OpenAI's Grand Math AI Claim Debunked, Exposing Industry's Hype Problems
How OpenAI's math AI 'breakthrough' unraveled, exposing deep-seated tensions and communication flaws in the AI race.
October 18, 2025

A major breakthrough in mathematical artificial intelligence, heralded by researchers at OpenAI, was proclaimed and then promptly debunked in a whirlwind of social media posts, revealing deep-seated tensions and communication issues within the competitive landscape of AI development. The incident began with a now-deleted post on the social media platform X from a senior OpenAI manager, who declared that the company's anticipated GPT-5 model had "found solutions to 10 (!) previously unsolved Erdős problems," describing them as challenges that had remained "open for decades." This assertion, quickly amplified by other researchers at the company, suggested a monumental leap for AI, implying that a generative model could independently produce novel proofs for difficult problems in number theory. Such a capability would signify that AI was not just a tool for processing existing knowledge, but a genuine engine for new scientific discovery, capable of unlocking solutions that have long eluded human mathematicians.
The excitement, however, was short-lived. The claim began to unravel almost as quickly as it had spread, largely due to the swift response from the mathematical community. The most crucial counterpoint came from Thomas Bloom, a mathematician who manages the website erdosproblems.com, the very source of the problems GPT-5 had supposedly solved. Bloom clarified that the term "open" on his site simply meant that he was personally unaware of a solution, not that the problems were officially unsolved by the global mathematics community. He characterized the researchers' statements as a "dramatic misinterpretation."[1] In reality, GPT-5 had not generated novel proofs but had instead successfully surfaced existing research papers and solutions that the website's maintainer had not yet incorporated. The AI had performed a powerful literature review, not a groundbreaking act of creation.
The public correction triggered a wave of criticism from prominent figures in the artificial intelligence field, highlighting a growing concern over the hype-driven communication strategies sometimes employed by leading labs. DeepMind CEO Demis Hassabis labeled the episode as "embarrassing," a pointed critique of the lack of due diligence from his chief competitor.[1] Yann LeCun, Meta's chief AI scientist, suggested that OpenAI had fallen victim to its own inflated expectations.[1] The incident fed into a perception that OpenAI, under immense pressure to demonstrate continuous, revolutionary progress, had become careless in its public announcements. The hasty claims and subsequent retraction raised serious questions about the internal verification processes for research findings before they are shared publicly, especially when those claims carry significant weight for the scientific community and the public's understanding of AI capabilities. The original posts were deleted, and the researchers admitted their error, but the affair left a lasting mark on the company's credibility.[1]

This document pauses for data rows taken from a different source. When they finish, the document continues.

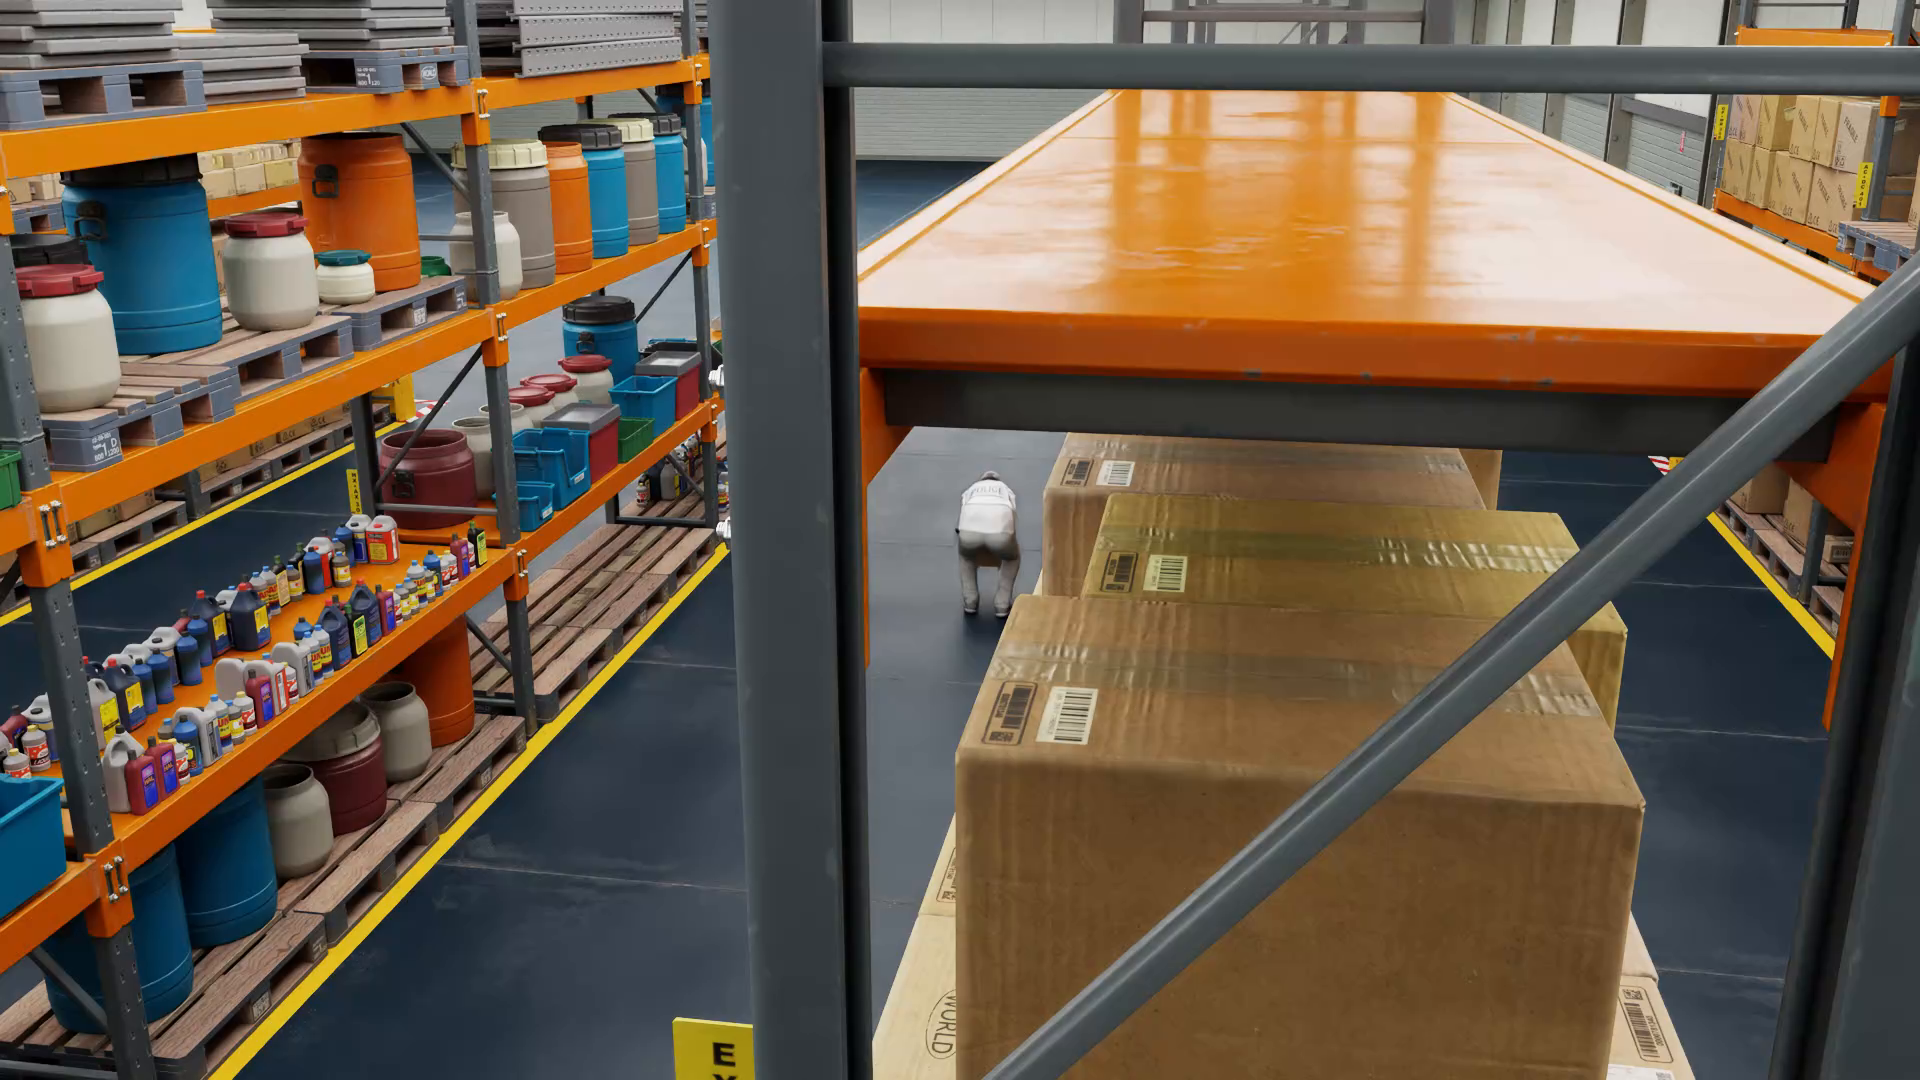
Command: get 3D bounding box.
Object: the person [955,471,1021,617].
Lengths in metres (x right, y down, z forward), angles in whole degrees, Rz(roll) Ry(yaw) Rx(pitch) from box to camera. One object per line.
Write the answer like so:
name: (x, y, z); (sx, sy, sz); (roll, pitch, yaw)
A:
person: (0.230, 0.040, 13.009); (0.503, 1.000, 0.937); (2, 18, 6)

The episode underscores the immense pressure and high stakes involved in the race to achieve artificial general intelligence. The quest for AI systems that can master complex mathematical reasoning is seen as a critical benchmark for progress.[2][3] While this particular announcement proved to be a misstep, the field has seen genuine, significant advances. Ironically, around the same timeframe, OpenAI did achieve a legitimate milestone, with an experimental AI system earning a gold medal-level score at the prestigious International Mathematical Olympiad, a feat requiring deep, creative reasoning.[4][5][6][7][8] This genuine achievement stands in stark contrast to the Erdős problem debacle, illustrating that while AI's mathematical prowess is rapidly advancing, the communication surrounding these developments can be fraught with error and exaggeration. The incident serves as a cautionary tale for the AI industry about the importance of rigorous verification and responsible communication. As AI models become more powerful, the need for transparent and accurate representation of their capabilities is paramount to maintaining scientific integrity and public trust. The rush to declare the next big breakthrough can easily lead to embarrassing corrections that ultimately undermine the very progress researchers are working so hard to achieve.